Bien lo percibieron aquellos que se tenían por liberales y demócratas cuando estalló la guerra civil. Bien es verdad que fue toda Europa la que en los años veinte y treinta vio quebrarse el liberalismo y la democracia. Tampoco aquí España sería una excepción, sino una muestra de aquella triste normalidad, aunque no sería mala cosa mirar de vez en cuando a aquellos países que sí fueron capaces de mantener su orden político. La excepcionalidad la constituye en nuestro caso, sin duda, el desenlace: la dictadura franquista y su larga duración, explicable sólo en parte por haber salido de la victoria en una guerra civil y por las habilidades del régimen para adaptarse a los nuevos vientos de la guerra fría. Aquí nos separamos decisivamente de toda normalidad. Incluso el desarrollo económico que por fin tuvimos, hubiera podido comenzar antes de lo que lo hizo y haberse librado de importantes servidumbres, como bien se desprende del libro, de no haberse producido bajo la dictadura. Es cierto que el franquismo perdió la batalla de las ideas y que tuvo que luchar siempre por su legitimidad, buscándola implacable en sus primeros tiempos en la rendición incondicional de los vencidos y en su represión, y después en el desarrollo económico.
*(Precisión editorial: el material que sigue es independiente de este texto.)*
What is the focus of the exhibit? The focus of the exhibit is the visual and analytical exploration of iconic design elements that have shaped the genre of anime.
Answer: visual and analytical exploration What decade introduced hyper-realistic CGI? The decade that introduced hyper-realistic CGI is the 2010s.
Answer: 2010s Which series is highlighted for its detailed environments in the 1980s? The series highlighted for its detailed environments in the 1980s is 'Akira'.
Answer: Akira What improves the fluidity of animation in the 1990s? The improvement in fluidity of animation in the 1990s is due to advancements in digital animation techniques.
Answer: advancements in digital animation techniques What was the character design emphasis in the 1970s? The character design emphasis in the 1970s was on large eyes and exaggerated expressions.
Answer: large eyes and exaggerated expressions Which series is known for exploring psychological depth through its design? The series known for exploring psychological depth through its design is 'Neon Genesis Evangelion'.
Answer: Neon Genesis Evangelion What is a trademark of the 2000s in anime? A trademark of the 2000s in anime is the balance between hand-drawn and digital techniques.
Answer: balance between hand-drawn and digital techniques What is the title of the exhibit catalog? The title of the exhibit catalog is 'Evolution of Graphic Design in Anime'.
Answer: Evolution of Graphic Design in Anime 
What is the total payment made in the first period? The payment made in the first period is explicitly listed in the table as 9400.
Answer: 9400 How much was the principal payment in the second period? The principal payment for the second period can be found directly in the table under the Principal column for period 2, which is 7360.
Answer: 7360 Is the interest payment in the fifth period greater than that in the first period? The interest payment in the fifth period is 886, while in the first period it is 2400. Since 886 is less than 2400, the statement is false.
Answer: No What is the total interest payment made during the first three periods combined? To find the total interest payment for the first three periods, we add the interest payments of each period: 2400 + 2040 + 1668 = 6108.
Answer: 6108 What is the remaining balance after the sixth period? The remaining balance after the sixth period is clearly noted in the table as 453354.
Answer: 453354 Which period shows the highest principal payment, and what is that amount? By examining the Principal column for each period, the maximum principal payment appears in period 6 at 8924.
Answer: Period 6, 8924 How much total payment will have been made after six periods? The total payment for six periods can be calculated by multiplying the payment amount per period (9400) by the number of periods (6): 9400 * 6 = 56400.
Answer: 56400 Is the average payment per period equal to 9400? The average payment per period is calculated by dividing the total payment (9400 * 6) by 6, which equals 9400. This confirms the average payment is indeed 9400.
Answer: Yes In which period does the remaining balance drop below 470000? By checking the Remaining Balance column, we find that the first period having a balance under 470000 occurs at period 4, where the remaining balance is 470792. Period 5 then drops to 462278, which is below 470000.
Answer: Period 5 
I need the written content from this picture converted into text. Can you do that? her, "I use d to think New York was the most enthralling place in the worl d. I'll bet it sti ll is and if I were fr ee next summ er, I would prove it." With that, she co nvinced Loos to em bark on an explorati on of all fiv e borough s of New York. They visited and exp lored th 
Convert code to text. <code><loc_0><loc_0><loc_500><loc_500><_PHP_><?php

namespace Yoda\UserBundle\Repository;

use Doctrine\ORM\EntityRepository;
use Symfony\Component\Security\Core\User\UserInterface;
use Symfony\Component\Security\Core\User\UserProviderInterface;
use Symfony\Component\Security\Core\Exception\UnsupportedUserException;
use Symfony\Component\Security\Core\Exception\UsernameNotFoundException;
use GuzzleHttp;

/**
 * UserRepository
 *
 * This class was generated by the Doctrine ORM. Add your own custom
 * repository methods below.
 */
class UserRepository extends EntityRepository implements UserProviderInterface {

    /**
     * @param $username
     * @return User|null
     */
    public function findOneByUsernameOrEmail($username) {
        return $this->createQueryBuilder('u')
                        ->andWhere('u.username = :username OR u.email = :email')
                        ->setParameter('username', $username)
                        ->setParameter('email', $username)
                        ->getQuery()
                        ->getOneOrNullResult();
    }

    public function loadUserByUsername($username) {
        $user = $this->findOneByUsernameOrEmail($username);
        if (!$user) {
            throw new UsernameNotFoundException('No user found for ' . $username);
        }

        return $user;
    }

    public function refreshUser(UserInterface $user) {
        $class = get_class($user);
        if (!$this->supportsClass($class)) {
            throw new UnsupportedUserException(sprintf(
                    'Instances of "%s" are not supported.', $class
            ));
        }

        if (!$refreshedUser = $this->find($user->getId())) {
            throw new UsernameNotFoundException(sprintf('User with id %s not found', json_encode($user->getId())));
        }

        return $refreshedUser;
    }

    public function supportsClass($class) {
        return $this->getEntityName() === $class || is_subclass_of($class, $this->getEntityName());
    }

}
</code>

Pero ¿cabe afirmar que la cultura «establecida» (que no oficial) fue, desde principios de los años sesenta, una cultura liberal (pág. 319)? Es quizás en este aspecto de la cultura política en su más lata acepción, en el de la progresiva creación de identidades y actitudes hacia la cosa pública, de la aceptación de la competencia y la alternancia en el poder, donde hemos acumulado mayores fracasos a lo largo de este largo recorrido hacia la modernidad.